It seems most, if not all, Tibetan villages have a landscape sacred to them. In Hongpo Village, it is Dralha Chonyi, the mountain from whence the village water supply comes. In Fudi Village, near LaBrang , it is a beautiful, small valley, where animals graze peacefully in an unaltered environment. Because it is sacred, nothing is ever put there, nor is anything ever taken out. Great care is taken to insure this home of the mountain gods suffers no trespass. This fastidiousness engenders peace and assures that babies are robust, livestock is healthy, and crops are plentiful.

Well, that is how it is supposed to be, but the Chinese government paid an expert to come to the region and decide where best to put the township dump. The site picked out as the one least compromising to the environment, a great concern to the ruling class, was, yup, you guessed it: Fudi’s sacred valley.

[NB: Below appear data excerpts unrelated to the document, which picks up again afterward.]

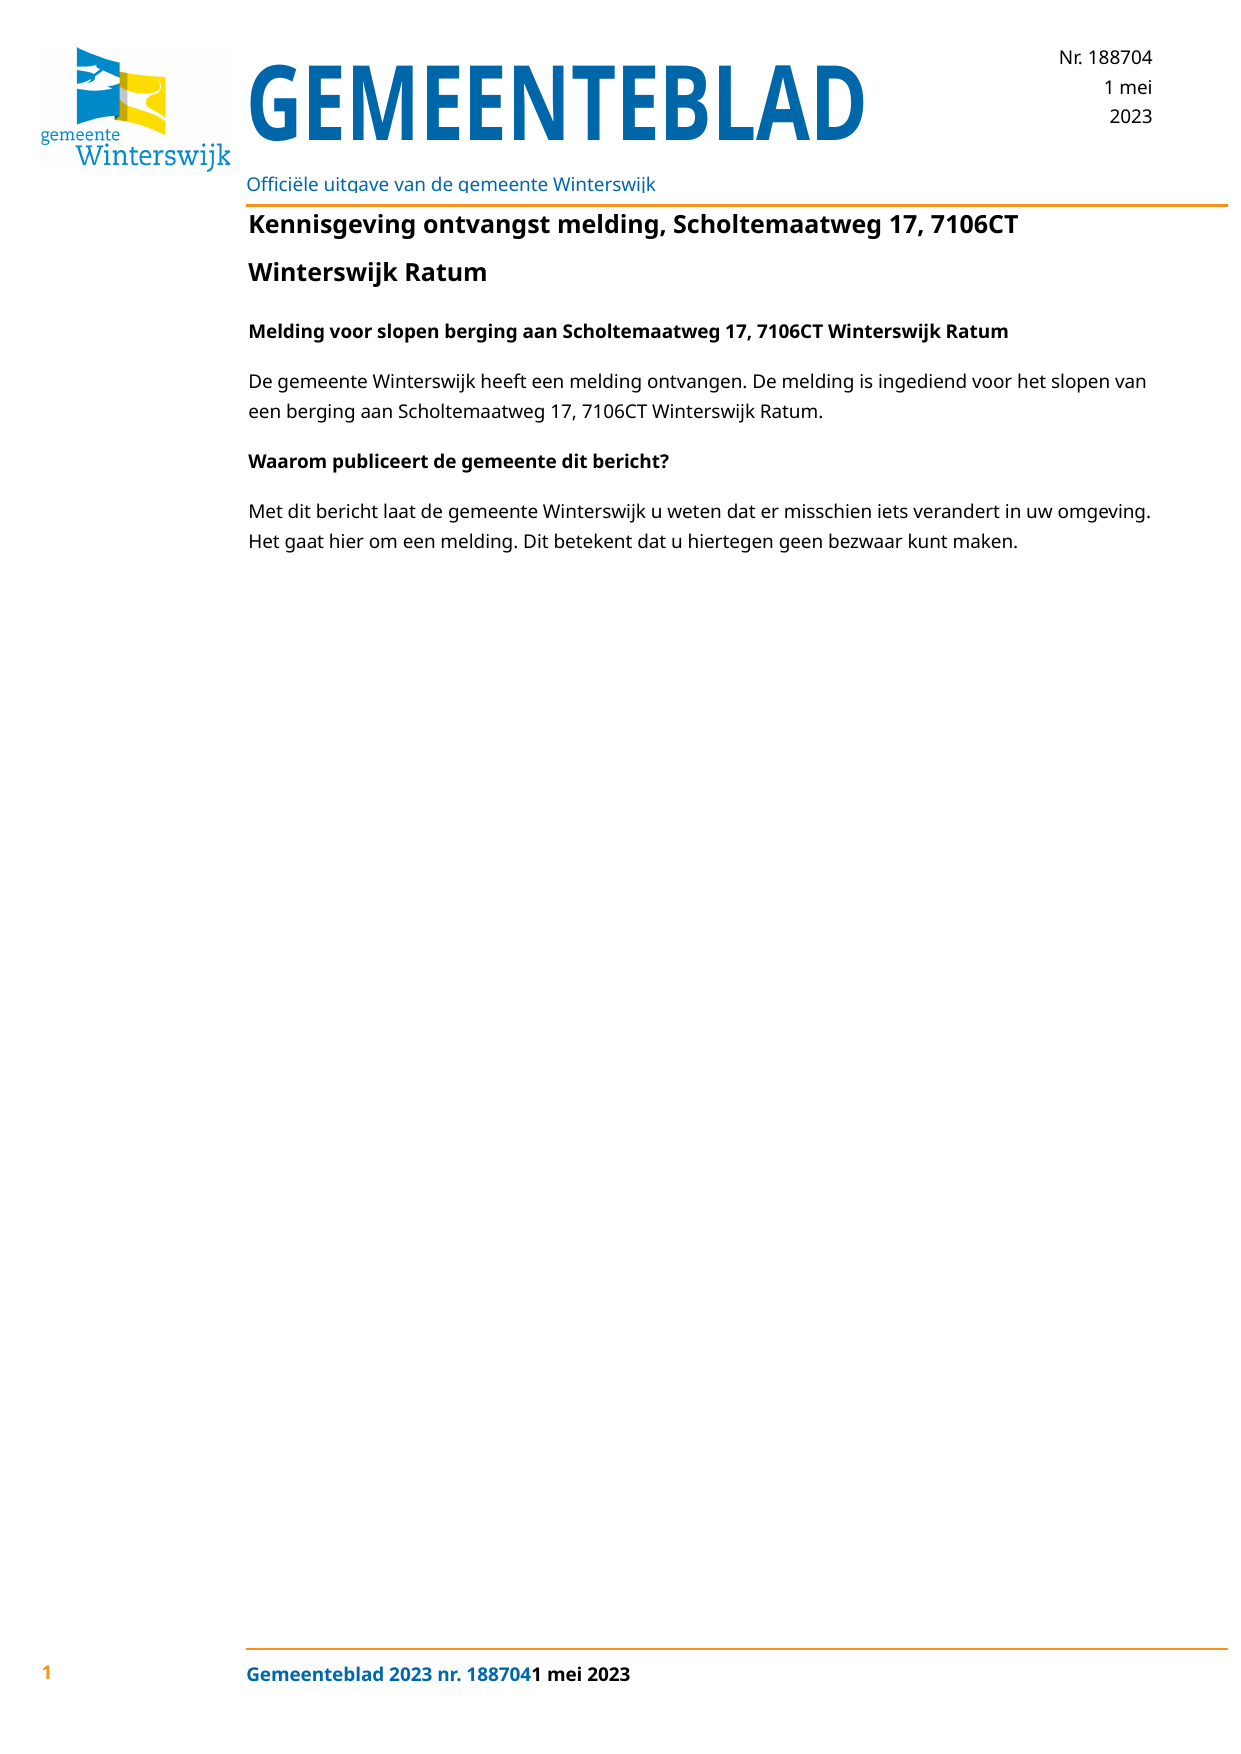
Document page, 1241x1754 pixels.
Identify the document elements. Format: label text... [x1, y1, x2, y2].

picture [225, 153, 231, 162]
text Melding voor slopen berging aan Scholtemaatweg 17, 7106CT Winterswijk Ratum [248, 318, 1152, 344]
text Met dit bericht laat de gemeente Winterswijk u weten dat er misschien iets verandert in uw omgeving. Het gaat hier om een melding. Dit betekent dat u hiertegen geen bezwaar kunt maken. [248, 499, 1152, 554]
text Waarom publiceert de gemeente dit bericht? [248, 448, 1152, 474]
text Kennisgeving ontvangst melding, Scholtemaatweg 17, 7106CT Winterswijk Ratum [248, 207, 1152, 288]
text De gemeente Winterswijk heeft een melding ontvangen. De melding is ingediend voor het slopen van een berging aan Scholtemaatweg 17, 7106CT Winterswijk Ratum. [248, 368, 1152, 424]
picture [41, 47, 231, 172]

The villagers got together to present their case to the county government, to no avail. In fact, they were threatened for their outspokenness. In a final attempt, the men of the village went again to plead their case, telling the officials how important the site is, giving their reasons. The officials retorted that they were not going to pay an expert to come out again, and the villagers should stop being so superstitious. Two of the entourage, arbitrarily picked, were thrown in jail. Released a few days later, the incident was so frightening that the villagers signed a ten year contract.

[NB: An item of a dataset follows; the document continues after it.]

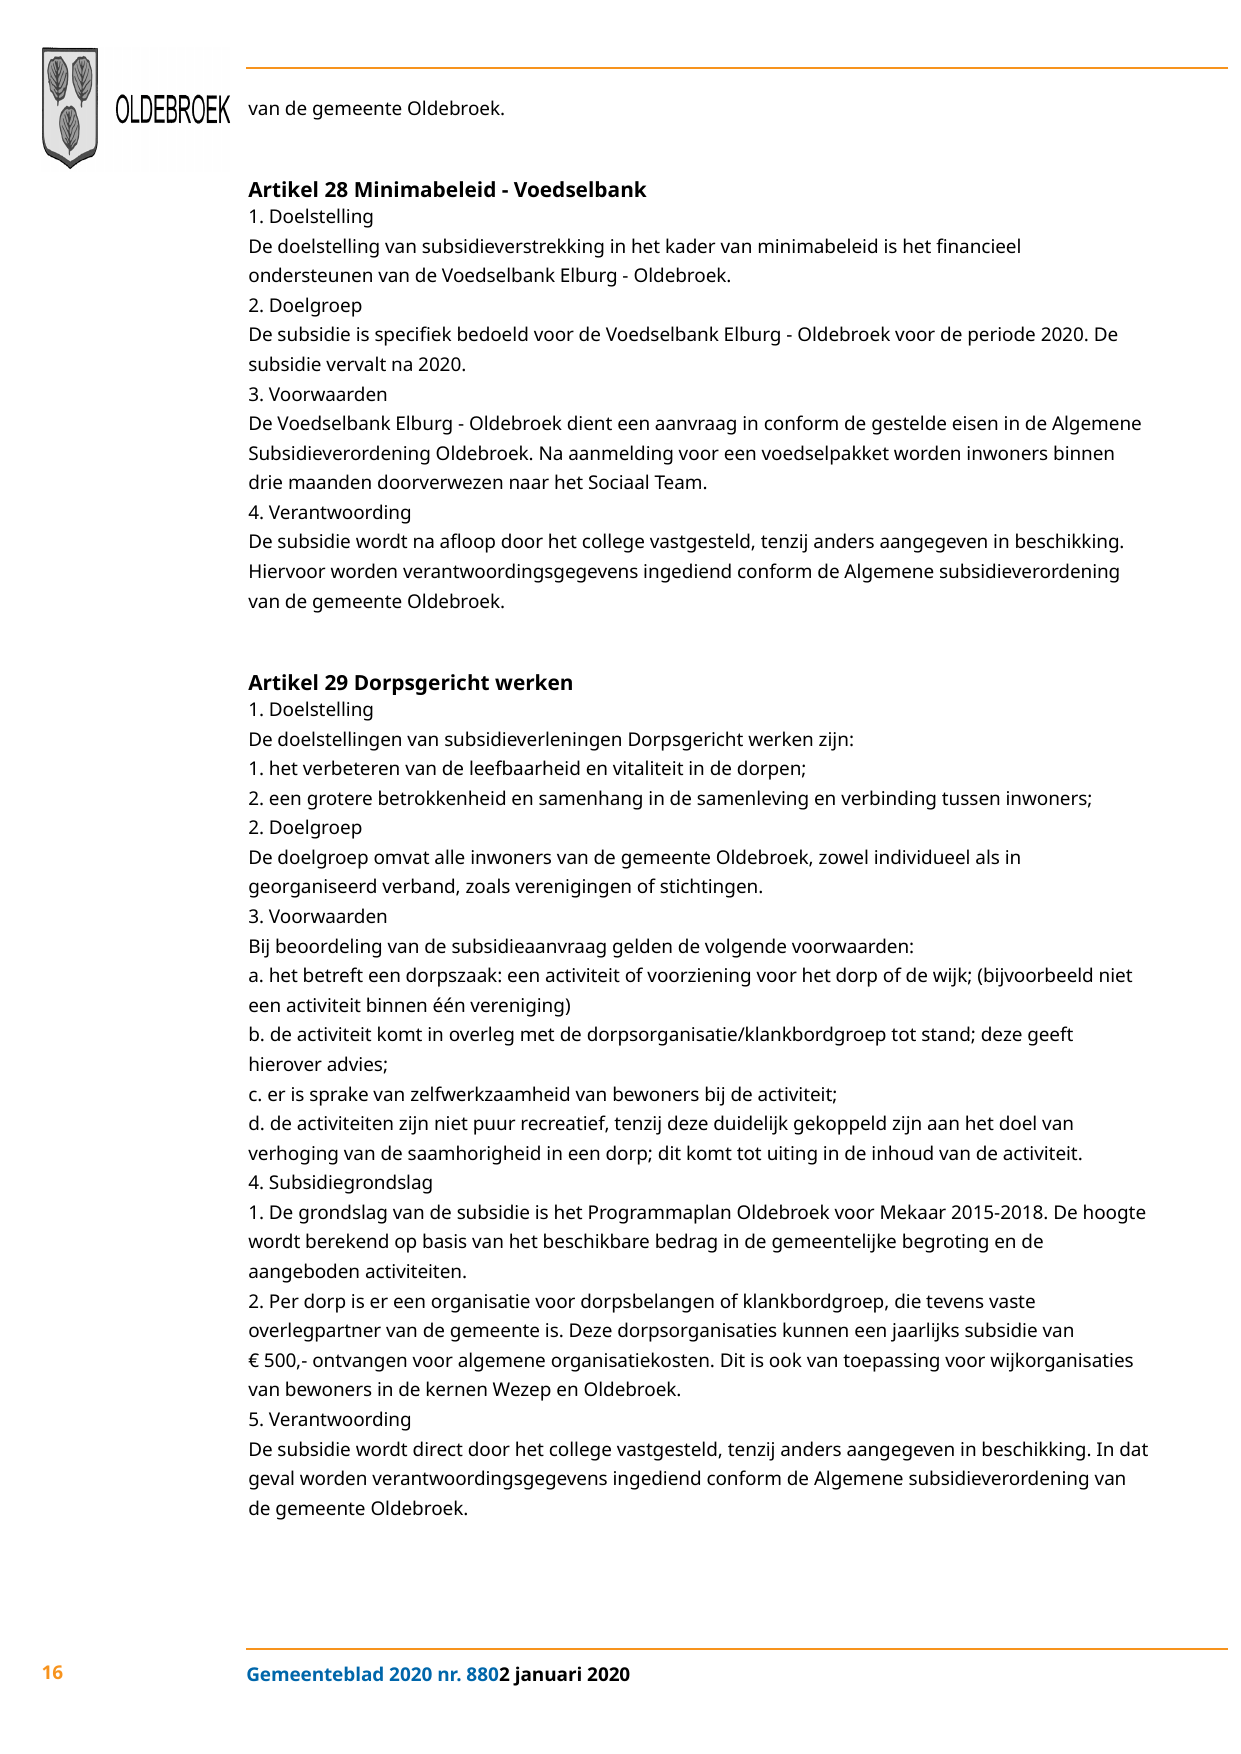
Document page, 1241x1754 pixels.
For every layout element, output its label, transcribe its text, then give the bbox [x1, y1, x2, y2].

The dump site is a repository for everything from the sizable town: garbage, toxic chemicals, hospital waste. To facilitate disposal all this effluent, a large roadway wide enough to accommodate three vehicles at a time was graded and paved. Truckloads are brought in everyday, mornings and afternoons. The bucolic valley is defiled, and the peace of the region forever disturbed.

But that is not all. Some very strange things started to occur as the mountain gods cried out loud. The first anomaly was to manifest itself in the teeth of the cattle grazing on their traditional feeding grounds in the valley. They turned black. A few months later most of the animals were were dead. Autopsies revealed guts full of plastic.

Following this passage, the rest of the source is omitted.